SCHOOL FEEDING PAY LOGJAM: THE HERALD

THE financially troubled Eastern Cape Education Department owes millions of rands to former school nutrition service providers, but is battling to pay because it is not clear who must be paid and how much they are owed. This must still be verified.

The service providers are owed for services rendered before the nutrition programme was decentralised, after the national department’s intervention. Some of the bills date as far back as 2005.

While the department came up with a “more effective” solution to school nutrition – which had been suspended for months prior to the Section 100(b) intervention in March due to non-payment – past providers are still awaiting payment.

Provincial Education superintendent-general Modidima Mannya said last week that everyone would be paid, but the department wanted to avoid paying the wrong people “as has been happening before”. “Because some people are owed money from way back, we’re trying to accurately identify who is owed money and why, because you’ll find that some are just taking chances,” he said.

“But people are starting to get paid. We understand that some have had their lives disrupted, but we can’t sort it out in one day as there are processes to be followed.”

Some of the service providers sought help from the national department and wrote letters to Basic Education Minister Angie Motshekga and director-general Bobby Soobrayan after failing to get a response from the provincial leadership.

The DA’s provincial education spokesperson, Edmund van Vuuren, said the payment chaos was due to “dysfunctional” district offices. “There was no real database to capture who was offering their services,” he said.

“It’s the people on the ground, district offices, that are inept because they should be able to tell head office who needs to be paid and how much. But there were often no official contracts signed by the provincial department, as district offices just allowed service providers to operate.

“Now they can’t tell head office who to pay and how much because there’s no proof.”

Barbara Mhlaba, who is owed money for feeding pupils at about 16 schools in the Bethelsdorp, Zwide, New Brighton, Kwazakhele and KwaMagxaki area, said she had even driven to Zwelitsha to find out why she had not been paid.
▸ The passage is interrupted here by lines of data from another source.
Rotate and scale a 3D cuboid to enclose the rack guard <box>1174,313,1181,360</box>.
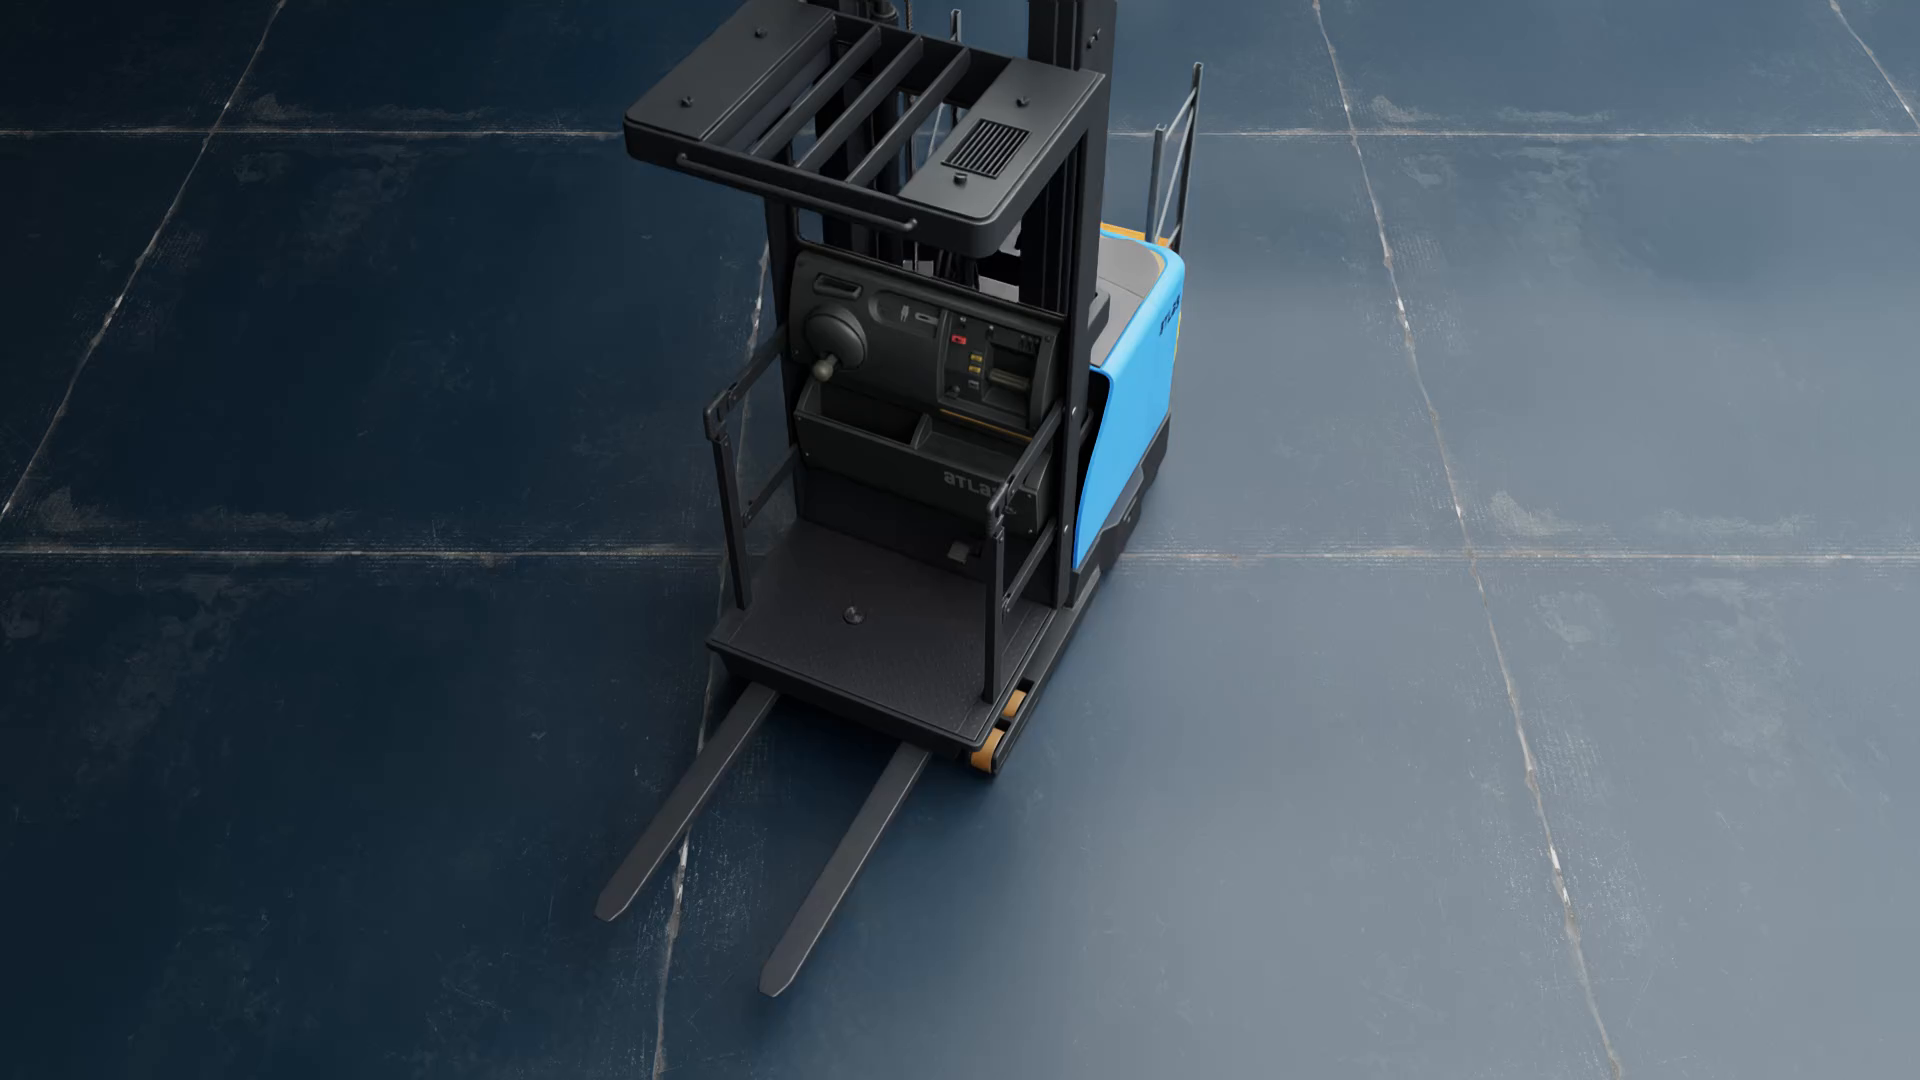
[{"bbox_3d":[0.828,-0.737,7.265,0.087,0.250,0.587,17,49,15],"label":"rack guard"}]

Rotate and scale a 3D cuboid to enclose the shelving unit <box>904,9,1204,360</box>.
[{"bbox_3d":[0.369,-1.305,6.941,1.083,1.500,0.587,17,49,15],"label":"shelving unit"}]

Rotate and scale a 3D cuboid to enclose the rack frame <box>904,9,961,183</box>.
[{"bbox_3d":[-0.107,-1.454,7.079,0.032,1.500,0.500,17,49,15],"label":"rack frame"}]

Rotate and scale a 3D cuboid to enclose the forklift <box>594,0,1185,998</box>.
[{"bbox_3d":[-0.222,-0.538,5.248,1.130,2.935,3.031,19,50,17],"label":"forklift"}]

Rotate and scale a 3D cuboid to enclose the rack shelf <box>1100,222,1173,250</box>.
[{"bbox_3d":[0.361,-1.186,7.075,1.000,0.185,0.538,17,49,15],"label":"rack shelf"}]

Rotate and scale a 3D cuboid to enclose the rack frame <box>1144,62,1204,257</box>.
[{"bbox_3d":[0.829,-1.162,6.807,0.032,1.500,0.500,17,49,15],"label":"rack frame"}]

“Now that they’ve solved the school nutrition problem, they’re not really bothering with past feeders because when I phone to find out when to expect my money, nobody knows. Sometimes when I call, nobody answers and I am forced to drive to Zwelitsha myself to get answers, which are always iffy,” she said.

Mhlaba said payments were initially on schedule and paid in full, but things went awry last year “when there was a change in leadership”.